## Task details
State, as a number alone, how many lines of the entries contain the word "start".

## Records provided
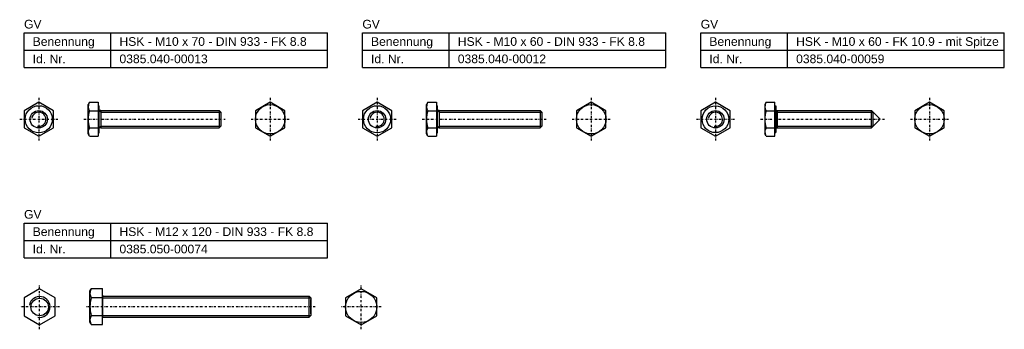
# Model space of a CAD drawing. Header units: millimetres. Extents: x 1 to 568, y 92 to 271.
import ezdxf

# ---------------------------------------------------------------- set-up
doc = ezdxf.new("R2010")
doc.units = ezdxf.units.MM
doc.header["$LTSCALE"] = 5
doc.linetypes.add('STRICHPUNKT2', pattern=[0.5, 0.25, -0.125, 0, -0.125])
doc.layers.add('HALFEN', color=2, linetype='CONTINUOUS')
doc.styles.add('ARIAL50', font='ARIAL.TTF', dxfattribs={"height": 5})

msp = doc.modelspace()

# ---------------------------------------------------------------- linework, layer by layer
at = {"layer": 'HALFEN'}
for p, q in [((3.38, 263.2), (178.38, 263.2)), ((3.38, 243.2), (3.38, 263.2)), ((53.38, 243.2), (53.38, 263.2)), ((178.38, 243.2), (178.38, 263.2)), ((198.38, 263.2), (373.38, 263.2)), ((198.38, 243.2), (198.38, 263.2)), ((248.38, 243.2), (248.38, 263.2)), ((373.38, 243.2), (373.38, 263.2)), ((393.38, 263.2), (568.38, 263.2)), ((393.38, 243.2), (393.38, 263.2)), ((443.38, 243.2), (443.38, 263.2)), ((568.38, 243.2), (568.38, 263.2)), ((3.38, 253.2), (178.38, 253.2)), ((198.38, 253.2), (373.38, 253.2)), ((393.38, 253.2), (568.38, 253.2)), ((3.38, 243.2), (178.38, 243.2)), ((198.38, 243.2), (373.38, 243.2)), ((393.38, 243.2), (568.38, 243.2)), ((41.14, 223.2), (40.38, 221.88)), ((40.38, 204.88), (40.38, 221.88)), ((41.14, 223.2), (46.18, 223.2)), ((46.18, 223.2), (46.18, 221.18)), ((236.14, 223.2), (235.38, 221.88)), ((235.38, 204.88), (235.38, 221.88)), ((236.14, 223.2), (241.18, 223.2)), ((241.18, 223.2), (241.18, 221.18)), ((431.14, 223.2), (430.38, 221.88)), ((430.38, 221.88), (430.38, 204.88)), ((431.14, 223.2), (436.18, 223.2)), ((436.18, 221.08), (436.18, 223.2)), ((41.14, 218.29), (46.18, 218.29)), ((46.18, 221.18), (46.18, 205.58)), ((46.18, 221.18), (46.78, 221.18)), ((46.78, 218.38), (46.78, 221.18)), ((46.78, 218.38), (46.78, 218.38)), ((46.78, 208.38), (46.78, 218.38)), ((47.7, 218.38), (46.78, 218.38)), ((47.7, 218.38), (115.86, 218.38)), ((115.86, 218.38), (115.86, 208.38)), ((116.78, 217.46), (115.86, 218.38)), ((116.78, 217.46), (116.78, 209.3)), ((236.14, 218.29), (241.18, 218.29)), ((241.18, 221.18), (241.18, 205.58)), ((241.18, 221.18), (241.78, 221.18)), ((241.78, 218.38), (241.78, 221.18)), ((241.78, 218.38), (241.78, 218.38)), ((241.78, 208.38), (241.78, 218.38)), ((242.7, 218.38), (241.78, 218.38)), ((242.7, 218.38), (300.86, 218.38)), ((300.86, 218.38), (300.86, 208.38)), ((301.78, 217.46), (300.86, 218.38)), ((301.78, 217.46), (301.78, 209.3)), ((431.14, 218.29), (436.18, 218.29)), ((436.18, 205.68), (436.18, 221.08)), ((436.18, 221.08), (436.78, 221.08)), ((436.78, 221.08), (436.78, 217.97)), ((436.78, 218.38), (491.78, 218.38)), ((436.78, 217.97), (436.78, 217.97)), ((436.78, 217.97), (436.78, 208.79)), ((437.7, 208.38), (437.7, 218.38)), ((491.78, 208.38), (491.78, 218.38)), ((491.78, 218.38), (496.78, 213.38)), ((492.7, 209.3), (492.7, 217.46)), ((496.78, 213.38), (491.78, 208.38)), ((41.14, 203.56), (40.38, 204.88)), ((41.14, 208.47), (46.18, 208.47)), ((46.18, 205.58), (46.18, 203.56)), ((46.18, 205.58), (46.78, 205.58)), ((46.78, 208.38), (46.78, 208.38)), ((46.78, 205.58), (46.78, 208.38)), ((47.7, 208.38), (46.78, 208.38)), ((47.7, 208.38), (115.86, 208.38)), ((115.86, 208.38), (116.78, 209.3)), ((236.14, 203.56), (235.38, 204.88)), ((236.14, 208.47), (241.18, 208.47)), ((241.18, 205.58), (241.18, 203.56)), ((241.18, 205.58), (241.78, 205.58)), ((241.78, 208.38), (241.78, 208.38)), ((241.78, 205.58), (241.78, 208.38)), ((242.7, 208.38), (241.78, 208.38)), ((242.7, 208.38), (300.86, 208.38)), ((300.86, 208.38), (301.78, 209.3)), ((431.14, 203.56), (430.38, 204.88)), ((431.14, 208.47), (436.18, 208.47)), ((436.18, 205.68), (436.78, 205.68)), ((436.18, 203.56), (436.18, 205.68)), ((436.78, 208.79), (436.78, 208.79)), ((436.78, 208.79), (436.78, 205.68)), ((436.78, 208.38), (491.78, 208.38)), ((41.14, 203.56), (46.18, 203.56)), ((236.14, 203.56), (241.18, 203.56)), ((431.14, 203.56), (436.18, 203.56)), ((3.38, 153.56), (178.38, 153.56)), ((3.38, 133.56), (3.38, 153.56)), ((53.38, 133.56), (53.38, 153.56)), ((178.38, 133.56), (178.38, 153.56)), ((3.38, 143.56), (178.38, 143.56)), ((3.38, 133.56), (178.38, 133.56)), ((41.38, 114.36), (42.14, 115.75)), ((41.38, 96.36), (41.38, 114.36)), ((42.14, 115.75), (48.7, 115.75)), ((48.7, 94.98), (48.7, 115.75)), ((42.14, 110.55), (48.7, 110.55)), ((48.7, 111.86), (48.7, 98.86)), ((48.7, 111.36), (167.78, 111.36)), ((167.78, 99.36), (167.78, 111.36)), ((168.7, 110.45), (167.78, 111.36)), ((168.7, 110.45), (168.7, 100.28)), ((168.7, 101.28), (168.7, 109.44)), ((42.14, 100.17), (48.7, 100.17)), ((48.7, 99.36), (167.78, 99.36)), ((167.78, 99.36), (168.7, 100.28)), ((42.14, 94.98), (41.38, 96.36)), ((42.14, 94.98), (48.7, 94.98))]:
    msp.add_line(p, q, dxfattribs=at)
at = {"layer": 'HALFEN', "color": 1, "linetype": 'STRICHPUNKT2'}
for p, q in [((11.88, 225.7), (11.88, 201.06)), ((145.29, 225.7), (145.29, 201.06)), ((206.88, 225.7), (206.88, 201.06)), ((330.29, 225.7), (330.29, 201.06)), ((401.88, 225.7), (401.88, 201.06)), ((525.29, 225.7), (525.29, 201.06)), ((0.88, 213.38), (22.88, 213.38)), ((37.88, 213.38), (119.28, 213.38)), ((134.28, 213.38), (156.29, 213.38)), ((195.88, 213.38), (217.88, 213.38)), ((232.88, 213.38), (304.28, 213.38)), ((319.28, 213.38), (341.29, 213.38)), ((390.88, 213.38), (412.88, 213.38)), ((427.88, 213.38), (499.28, 213.38)), ((514.28, 213.38), (536.29, 213.38)), ((12.38, 92.27), (12.38, 118.05)), ((197.7, 92.27), (197.7, 118.05)), ((23.88, 105.16), (0.88, 105.16)), ((171.19, 105.16), (38.89, 105.16)), ((209.2, 105.16), (186.2, 105.16))]:
    msp.add_line(p, q, dxfattribs=at)
at = {"layer": 'HALFEN', "color": 1}
for p, q in [((47.7, 217.46), (46.78, 218.38)), ((47.7, 218.38), (47.7, 208.38)), ((47.7, 217.46), (116.78, 217.46)), ((242.7, 217.46), (241.78, 218.38)), ((242.7, 218.38), (242.7, 208.38)), ((242.7, 217.46), (301.78, 217.46)), ((437.7, 217.46), (436.78, 218.38)), ((437.7, 217.46), (492.7, 217.46)), ((47.7, 209.3), (46.78, 208.38)), ((47.7, 209.3), (116.78, 209.3)), ((242.7, 209.3), (241.78, 208.38)), ((242.7, 209.3), (301.78, 209.3)), ((437.7, 209.3), (436.78, 208.38)), ((437.7, 209.3), (492.7, 209.3)), ((48.7, 110.44), (168.7, 110.44)), ((48.7, 100.28), (168.7, 100.28))]:
    msp.add_line(p, q, dxfattribs=at)
at = {"layer": 'HALFEN'}
for points in [[(11.88, 203.56), (20.38, 208.47), (20.38, 218.29), (11.88, 223.2), (3.38, 218.29), (3.38, 208.47)], [(145.29, 203.56), (153.79, 208.47), (153.79, 218.29), (145.29, 223.2), (136.78, 218.29), (136.78, 208.47)], [(206.88, 203.56), (215.38, 208.47), (215.38, 218.29), (206.88, 223.2), (198.38, 218.29), (198.38, 208.47)], [(330.29, 203.56), (338.79, 208.47), (338.79, 218.29), (330.29, 223.2), (321.78, 218.29), (321.78, 208.47)], [(401.88, 203.56), (410.38, 208.47), (410.38, 218.29), (401.88, 223.2), (393.38, 218.29), (393.38, 208.47)], [(525.29, 203.56), (533.79, 208.47), (533.79, 218.29), (525.29, 223.2), (516.78, 218.29), (516.78, 208.47)], [(12.38, 115.55), (3.38, 110.35), (3.38, 99.96), (12.38, 94.77), (21.38, 99.96), (21.38, 110.35)], [(197.7, 115.55), (188.7, 110.35), (188.7, 99.96), (197.7, 94.77), (206.7, 99.96), (206.7, 110.35)]]:
    msp.add_lwpolyline(points, close=True, dxfattribs=at)
for centre, radius in [((145.29, 213.38), 8.5), ((330.29, 213.38), 8.5), ((525.29, 213.38), 8.5), ((11.88, 213.38), 7.8), ((11.88, 213.38), 5), ((206.88, 213.38), 7.8), ((206.88, 213.38), 5), ((401.88, 213.38), 7.7), ((401.88, 213.38), 5), ((401.88, 213.38), 0.1), ((197.7, 105.16), 9), ((12.38, 105.16), 5.05)]:
    msp.add_circle(centre, radius, dxfattribs=at)
for centre, radius, start, end in [((44.72, 220.74), 4.34, 154.4469, 214.4469), ((239.72, 220.74), 4.34, 154.4469, 214.4469), ((434.72, 220.74), 4.34, 154.4469, 214.4469), ((56.61, 213.38), 16.23, 162.3875, 197.6125), ((251.61, 213.38), 16.23, 162.3875, 197.6125), ((446.61, 213.38), 16.23, 162.3875, 197.6125), ((44.72, 206.02), 4.34, 145.5531, 205.5531), ((239.72, 206.02), 4.34, 145.5531, 205.5531), ((434.72, 206.02), 4.34, 145.5531, 205.5531), ((46.2, 113.15), 4.82, 155.3394, 212.6377), ((59.45, 105.36), 18.07, 163.3063, 196.6937), ((46.18, 97.57), 4.8, 147.3146, 205.1727)]:
    msp.add_arc(centre, radius, start, end, dxfattribs=at)
at = {"layer": 'HALFEN', "color": 1}
for centre, radius in [((11.88, 213.38), 4.08), ((206.88, 213.38), 4.08), ((401.88, 213.38), 4.08), ((12.38, 105.16), 6)]:
    msp.add_arc(centre, radius, 260, 170, dxfattribs=at)

# ---------------------------------------------------------------- texts
at = {"layer": 'HALFEN', "style": 'ARIAL50'}
for s, p in [('GV', (3.38, 265.7)), ('GV', (198.38, 265.7)), ('GV', (393.38, 265.7)), ('Benennung', (8.38, 255.7)), ('HSK - M10 x 70 - DIN 933 - FK 8.8', (58.38, 255.7)), ('Benennung', (203.38, 255.7)), ('HSK - M10 x 60 - DIN 933 - FK 8.8', (253.38, 255.7)), ('Benennung', (398.38, 255.7)), ('HSK - M10 x 60 - FK 10.9 - mit Spitze', (448.38, 255.7)), ('Id. Nr.', (8.38, 245.7)), ('0385.040-00013', (58.38, 245.7)), ('Id. Nr.', (203.38, 245.7)), ('0385.040-00012', (253.38, 245.7)), ('Id. Nr.', (398.38, 245.7)), ('0385.040-00059', (448.38, 245.7)), ('GV', (3.38, 156.06)), ('Benennung', (8.38, 146.06)), ('HSK - M12 x 120 - DIN 933 - FK 8.8', (58.38, 146.06)), ('Id. Nr.', (8.38, 136.06)), ('0385.050-00074', (58.38, 136.06))]:
    msp.add_text(s, height=5, dxfattribs=at).set_placement(p)

doc.saveas('drawing.dxf')

## Solution
2